A new book shines a spotlight on the growing issue of anti-Semitism and considers what we can do to tackle it. 

Anti-Semitism campaigners
Photo: Getty

What’s the story?

Now in its 68th year, Jewish Book Week began in 1952 and runs in London this week from Saturday 29 February to Sunday 8 March. The festival celebrates Jewish writing and features members of the community including authors and speakers, who come together to discuss some of the most important themes and issues affecting Jewish people today. 

What’s the book?

The clue is in the title. Written by New York Times writer Bari Weiss, How to Fight Anti-Semitism is a passionate call to arms against the continued global rise of anti-Jewish rhetoric and sentiment. Weiss’s trigger for the book was the 2018 attack and mass murder at a synagogue in Pittsburgh, the Tree of Life, where 11 people were killed and six injured. It was the deadliest attack on Jewish people in American history, at her childhood synagogue.

How to Fight Anti-Semitism collates research alongside Weiss’s own anecdotes and reflections and documents the rise in anti-Semitism and its roots while also reflecting on the present-day problems and solutions that could help eradicate it.

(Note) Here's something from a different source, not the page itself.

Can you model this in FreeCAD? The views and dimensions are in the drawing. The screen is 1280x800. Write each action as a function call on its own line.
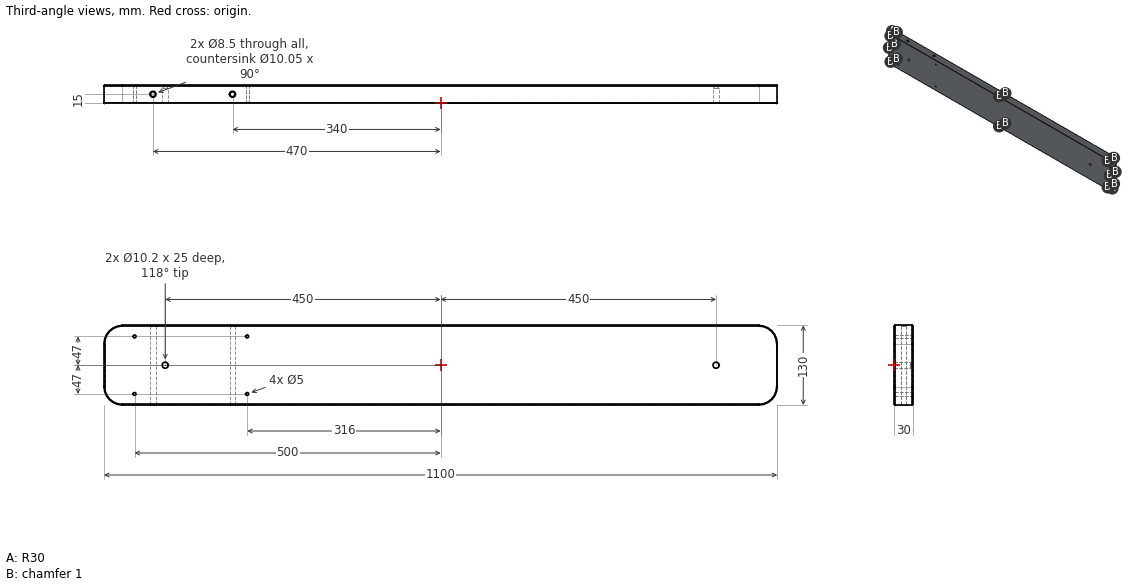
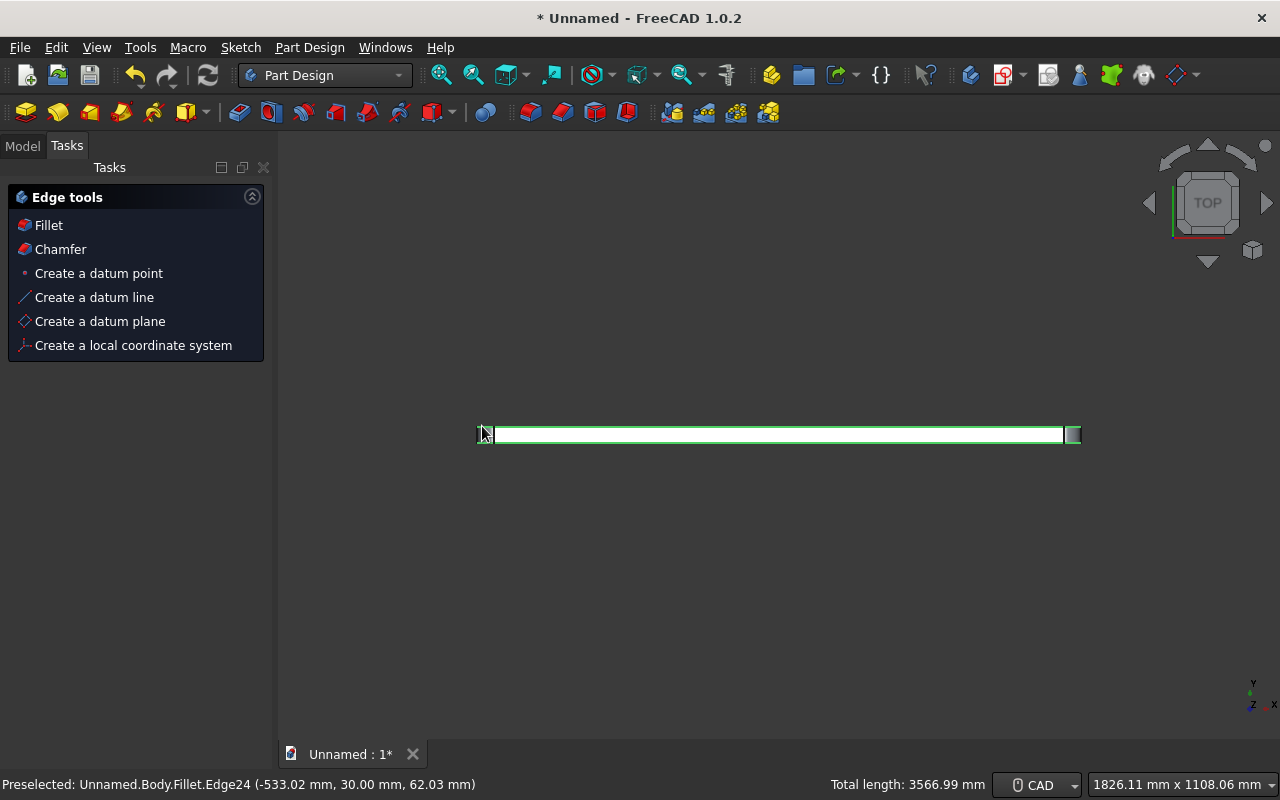
key(1)

Weiss argues that it is not simply a problem of either the left or the right, and that the continued momentum of neo-Nazi and white supremacist ideologies is due to contemporary identity politics amplified by social media and ‘an ever-morphing conspiracy theory in which Jews play the starring role in spreading evil in the world’.

Footnote:

2019 saw anti-Semitism continue to rise across the globe and in the UK, with the Community Security Trust recording an all-time high number of incidents for the fourth year in a row.